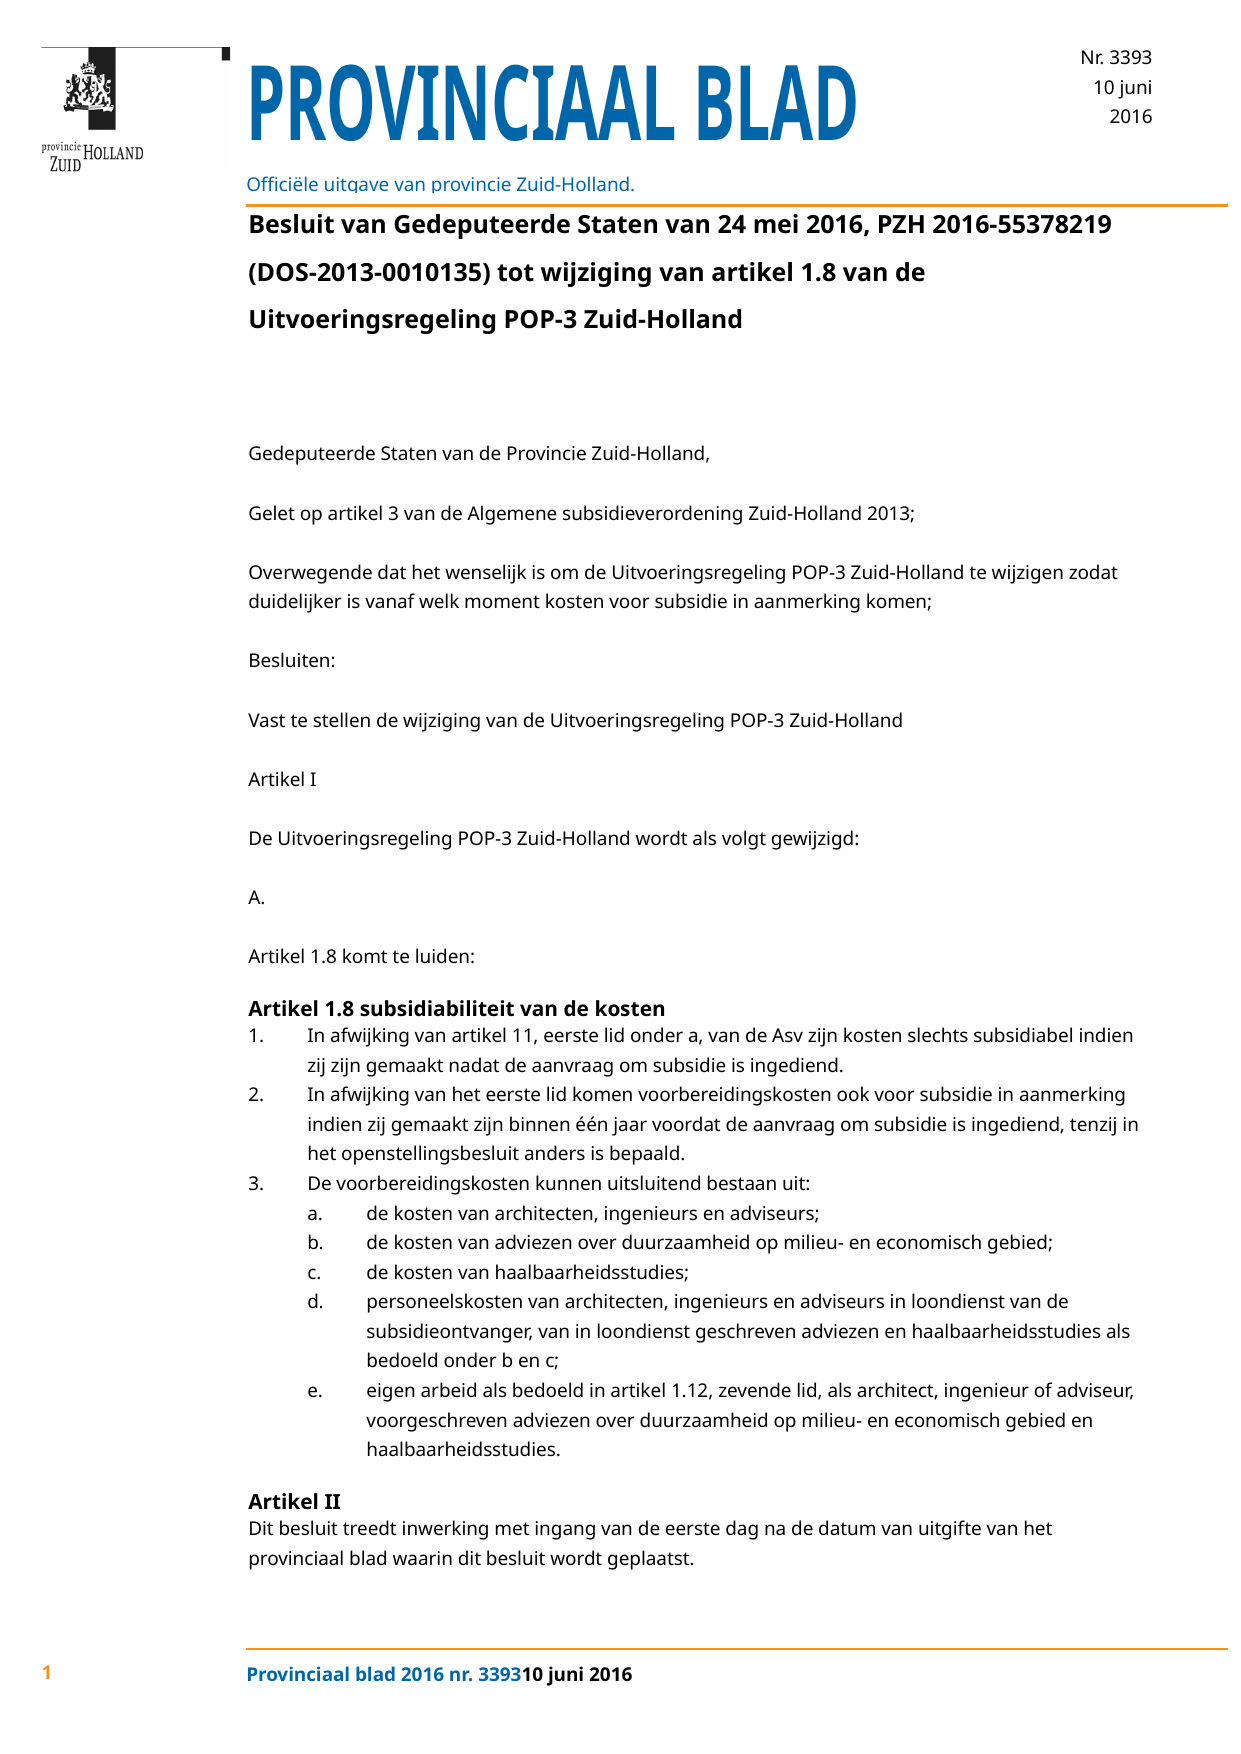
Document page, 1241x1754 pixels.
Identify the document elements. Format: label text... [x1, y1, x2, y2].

list In afwijking van het eerste lid komen voorbereidingskosten ook voor subsidie in aanmerking indien zij gemaakt zijn binnen één jaar voordat de aanvraag om subsidie is ingediend, tenzij in het openstellingsbesluit anders is bepaald. [248, 1081, 1152, 1166]
text Artikel 1.8 subsidiabiliteit van de kosten [248, 994, 1152, 1022]
text Gelet op artikel 3 van de Algemene subsidieverordening Zuid-Holland 2013; [248, 500, 1152, 525]
text A. [248, 884, 1152, 910]
text Besluiten: [248, 648, 1152, 673]
text Gedeputeerde Staten van de Provincie Zuid-Holland, [248, 441, 1152, 466]
list de kosten van adviezen over duurzaamheid op milieu- en economisch gebied; [307, 1229, 1152, 1255]
text Dit besluit treedt inwerking met ingang van de eerste dag na de datum van uitgifte van het provinciaal blad waarin dit besluit wordt geplaatst. [248, 1515, 1152, 1571]
text De Uitvoeringsregeling POP-3 Zuid-Holland wordt als volgt gewijzigd: [248, 825, 1152, 851]
text Overwegende dat het wenselijk is om de Uitvoeringsregeling POP-3 Zuid-Holland te wijzigen zodat duidelijker is vanaf welk moment kosten voor subsidie in aanmerking komen; [248, 559, 1152, 614]
text Vast te stellen de wijziging van de Uitvoeringsregeling POP-3 Zuid-Holland [248, 707, 1152, 732]
list de kosten van haalbaarheidsstudies; [307, 1259, 1152, 1285]
list eigen arbeid als bedoeld in artikel 1.12, zevende lid, als architect, ingenieur of adviseur, voorgeschreven adviezen over duurzaamheid op milieu- en economisch gebied en haalbaarheidsstudies. [307, 1377, 1152, 1462]
list De voorbereidingskosten kunnen uitsluitend bestaan uit: [248, 1170, 1152, 1196]
text Artikel I [248, 766, 1152, 792]
text Besluit van Gedeputeerde Staten van 24 mei 2016, PZH 2016-55378219 (DOS-2013-0010135) tot wijziging van artikel 1.8 van de Uitvoeringsregeling POP-3 Zuid-Holland [248, 207, 1152, 336]
text Artikel II [248, 1487, 1152, 1515]
text Artikel 1.8 komt te luiden: [248, 943, 1152, 969]
list In afwijking van artikel 11, eerste lid onder a, van de Asv zijn kosten slechts subsidiabel indien zij zijn gemaakt nadat de aanvraag om subsidie is ingediend. [248, 1022, 1152, 1078]
list personeelskosten van architecten, ingenieurs en adviseurs in loondienst van de subsidieontvanger, van in loondienst geschreven adviezen en haalbaarheidsstudies als bedoeld onder b en c; [307, 1288, 1152, 1373]
picture [41, 47, 231, 172]
list de kosten van architecten, ingenieurs en adviseurs; [307, 1200, 1152, 1226]
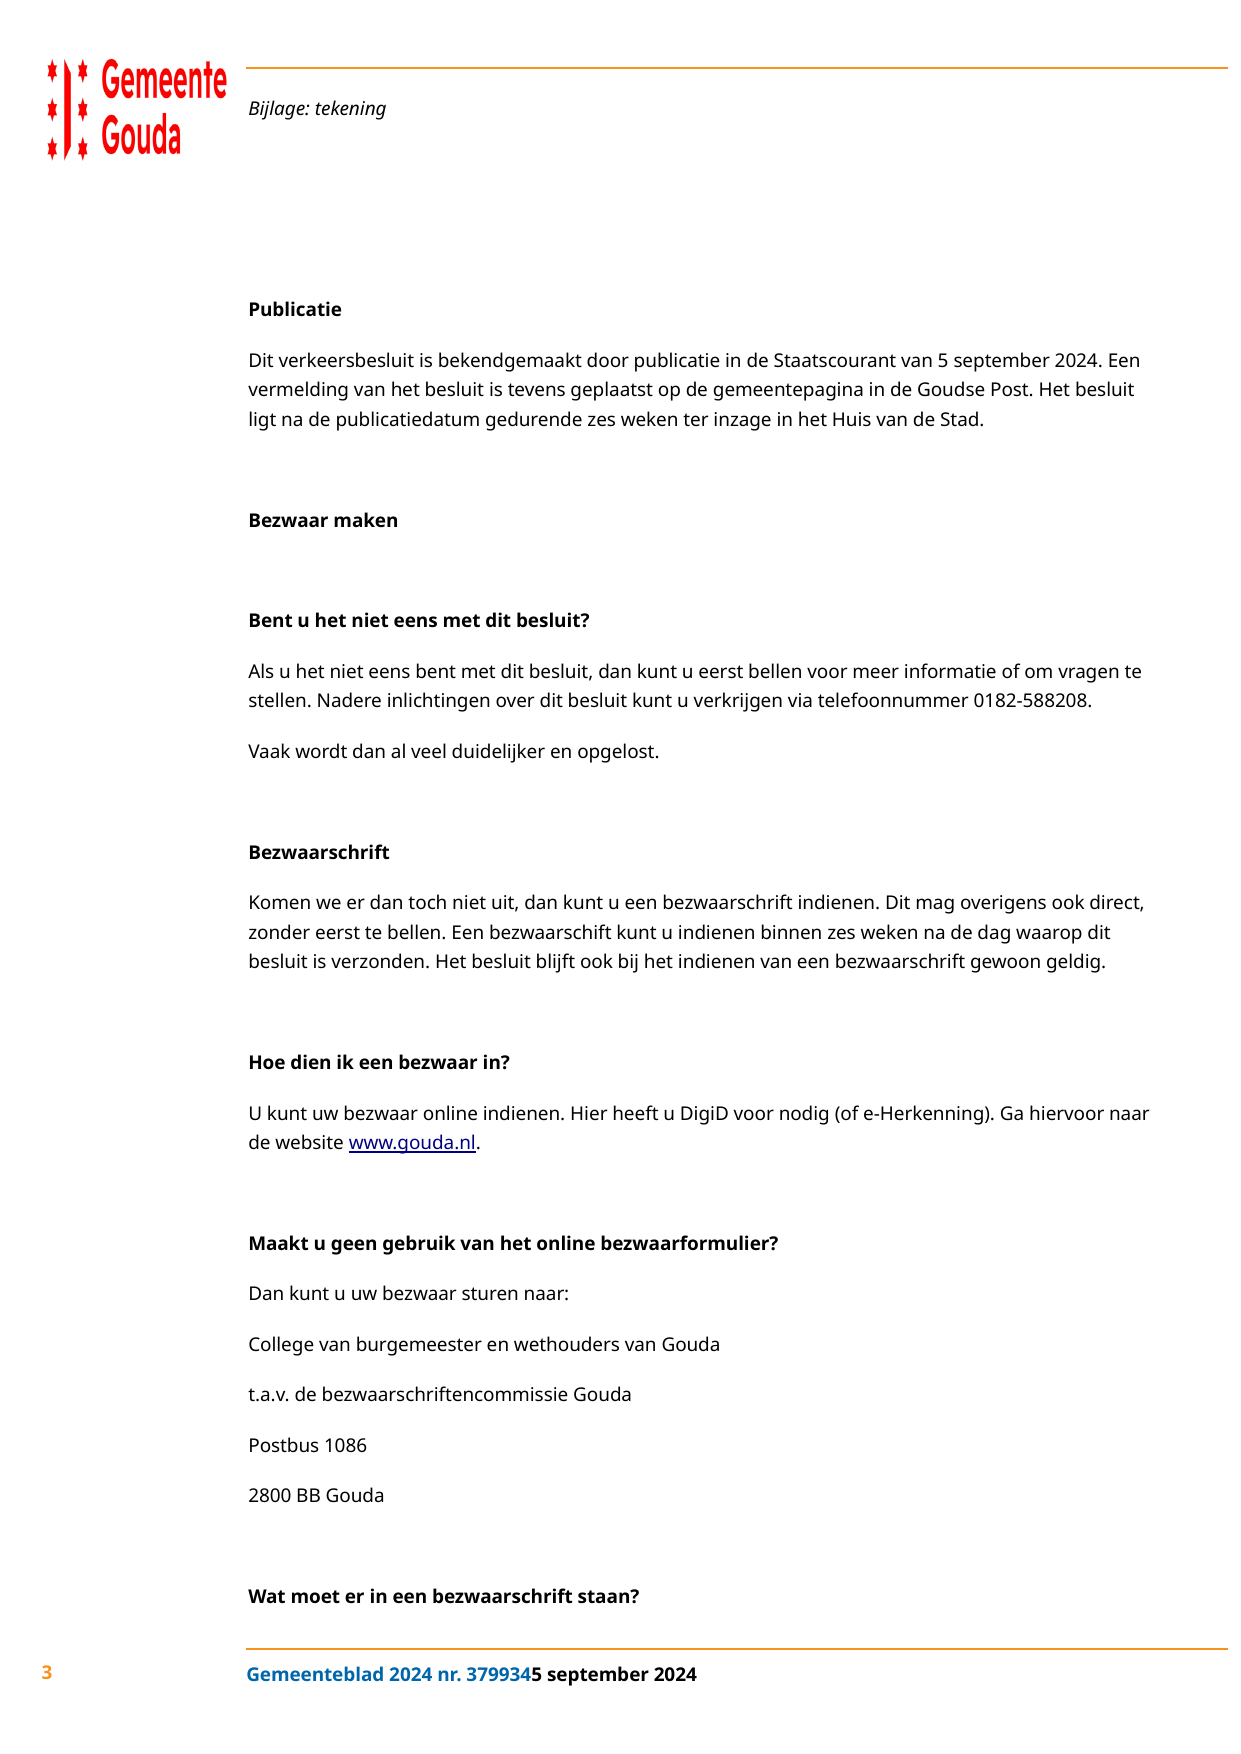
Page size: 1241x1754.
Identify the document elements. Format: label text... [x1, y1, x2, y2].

text Maakt u geen gebruik van het online bezwaarformulier? [248, 1230, 1152, 1256]
text Komen we er dan toch niet uit, dan kunt u een bezwaarschrift indienen. Dit mag overigens ook direct, zonder eerst te bellen. Een bezwaarschift kunt u indienen binnen zes weken na de dag waarop dit besluit is verzonden. Het besluit blijft ook bij het indienen van een bezwaarschrift gewoon geldig. [248, 889, 1152, 974]
text Dan kunt u uw bezwaar sturen naar: [248, 1281, 1152, 1306]
text Bent u het niet eens met dit besluit? [248, 608, 1152, 633]
text Postbus 1086 [248, 1432, 1152, 1458]
text 2800 BB Gouda [248, 1482, 1152, 1508]
text Wat moet er in een bezwaarschrift staan? [248, 1583, 1152, 1609]
text Bezwaar maken [248, 507, 1152, 533]
text Bijlage: tekening [248, 95, 1152, 121]
text College van burgemeester en wethouders van Gouda [248, 1331, 1152, 1357]
text U kunt uw bezwaar online indienen. Hier heeft u DigiD voor nodig (of e-Herkenning). Ga hiervoor naar de website www.gouda.nl. [248, 1100, 1152, 1155]
text Vaak wordt dan al veel duidelijker en opgelost. [248, 738, 1152, 764]
text Als u het niet eens bent met dit besluit, dan kunt u eerst bellen voor meer informatie of om vragen te stellen. Nadere inlichtingen over dit besluit kunt u verkrijgen via telefoonnummer 0182-588208. [248, 658, 1152, 713]
text Bezwaarschrift [248, 839, 1152, 865]
text Publicatie [248, 296, 1152, 322]
text Dit verkeersbesluit is bekendgemaakt door publicatie in de Staatscourant van 5 september 2024. Een vermelding van het besluit is tevens geplaatst op de gemeentepagina in de Goudse Post. Het besluit ligt na de publicatiedatum gedurende zes weken ter inzage in het Huis van de Stad. [248, 347, 1152, 432]
picture [41, 47, 231, 172]
text t.a.v. de bezwaarschriftencommissie Gouda [248, 1381, 1152, 1407]
text Hoe dien ik een bezwaar in? [248, 1049, 1152, 1075]

============

▶ WHAT TO DO: Reprint each of the records exactly and skip the images.

▶ ANSWER TO THIS EXERCISE:
Document page, 1241x1754 pixels.
Identify the document elements. Format: label text... [x1, y1, x2, y2].

list In afwijking van het eerste lid komen voorbereidingskosten ook voor subsidie in aanmerking indien zij gemaakt zijn binnen één jaar voordat de aanvraag om subsidie is ingediend, tenzij in het openstellingsbesluit anders is bepaald. [248, 1081, 1152, 1166]
text Artikel 1.8 subsidiabiliteit van de kosten [248, 994, 1152, 1022]
text Gelet op artikel 3 van de Algemene subsidieverordening Zuid-Holland 2013; [248, 500, 1152, 525]
text A. [248, 884, 1152, 910]
text Besluiten: [248, 648, 1152, 673]
text Gedeputeerde Staten van de Provincie Zuid-Holland, [248, 441, 1152, 466]
list de kosten van adviezen over duurzaamheid op milieu- en economisch gebied; [307, 1229, 1152, 1255]
text Dit besluit treedt inwerking met ingang van de eerste dag na de datum van uitgifte van het provinciaal blad waarin dit besluit wordt geplaatst. [248, 1515, 1152, 1571]
text De Uitvoeringsregeling POP-3 Zuid-Holland wordt als volgt gewijzigd: [248, 825, 1152, 851]
text Overwegende dat het wenselijk is om de Uitvoeringsregeling POP-3 Zuid-Holland te wijzigen zodat duidelijker is vanaf welk moment kosten voor subsidie in aanmerking komen; [248, 559, 1152, 614]
text Vast te stellen de wijziging van de Uitvoeringsregeling POP-3 Zuid-Holland [248, 707, 1152, 732]
list de kosten van haalbaarheidsstudies; [307, 1259, 1152, 1285]
list eigen arbeid als bedoeld in artikel 1.12, zevende lid, als architect, ingenieur of adviseur, voorgeschreven adviezen over duurzaamheid op milieu- en economisch gebied en haalbaarheidsstudies. [307, 1377, 1152, 1462]
list De voorbereidingskosten kunnen uitsluitend bestaan uit: [248, 1170, 1152, 1196]
text Artikel I [248, 766, 1152, 792]
text Besluit van Gedeputeerde Staten van 24 mei 2016, PZH 2016-55378219 (DOS-2013-0010135) tot wijziging van artikel 1.8 van de Uitvoeringsregeling POP-3 Zuid-Holland [248, 207, 1152, 336]
text Artikel II [248, 1487, 1152, 1515]
text Artikel 1.8 komt te luiden: [248, 943, 1152, 969]
list In afwijking van artikel 11, eerste lid onder a, van de Asv zijn kosten slechts subsidiabel indien zij zijn gemaakt nadat de aanvraag om subsidie is ingediend. [248, 1022, 1152, 1078]
list personeelskosten van architecten, ingenieurs en adviseurs in loondienst van de subsidieontvanger, van in loondienst geschreven adviezen en haalbaarheidsstudies als bedoeld onder b en c; [307, 1288, 1152, 1373]
picture [41, 47, 231, 172]
list de kosten van architecten, ingenieurs en adviseurs; [307, 1200, 1152, 1226]
Page size: 1241x1754.
Identify the document elements. Format: label text... [x1, y1, x2, y2].

text Maakt u geen gebruik van het online bezwaarformulier? [248, 1230, 1152, 1256]
text Komen we er dan toch niet uit, dan kunt u een bezwaarschrift indienen. Dit mag overigens ook direct, zonder eerst te bellen. Een bezwaarschift kunt u indienen binnen zes weken na de dag waarop dit besluit is verzonden. Het besluit blijft ook bij het indienen van een bezwaarschrift gewoon geldig. [248, 889, 1152, 974]
text Dan kunt u uw bezwaar sturen naar: [248, 1281, 1152, 1306]
text Bent u het niet eens met dit besluit? [248, 608, 1152, 633]
text Postbus 1086 [248, 1432, 1152, 1458]
text 2800 BB Gouda [248, 1482, 1152, 1508]
text Wat moet er in een bezwaarschrift staan? [248, 1583, 1152, 1609]
text Bezwaar maken [248, 507, 1152, 533]
text Bijlage: tekening [248, 95, 1152, 121]
text College van burgemeester en wethouders van Gouda [248, 1331, 1152, 1357]
text U kunt uw bezwaar online indienen. Hier heeft u DigiD voor nodig (of e-Herkenning). Ga hiervoor naar de website www.gouda.nl. [248, 1100, 1152, 1155]
text Vaak wordt dan al veel duidelijker en opgelost. [248, 738, 1152, 764]
text Als u het niet eens bent met dit besluit, dan kunt u eerst bellen voor meer informatie of om vragen te stellen. Nadere inlichtingen over dit besluit kunt u verkrijgen via telefoonnummer 0182-588208. [248, 658, 1152, 713]
text Bezwaarschrift [248, 839, 1152, 865]
text Publicatie [248, 296, 1152, 322]
text Dit verkeersbesluit is bekendgemaakt door publicatie in de Staatscourant van 5 september 2024. Een vermelding van het besluit is tevens geplaatst op de gemeentepagina in de Goudse Post. Het besluit ligt na de publicatiedatum gedurende zes weken ter inzage in het Huis van de Stad. [248, 347, 1152, 432]
picture [41, 47, 231, 172]
text t.a.v. de bezwaarschriftencommissie Gouda [248, 1381, 1152, 1407]
text Hoe dien ik een bezwaar in? [248, 1049, 1152, 1075]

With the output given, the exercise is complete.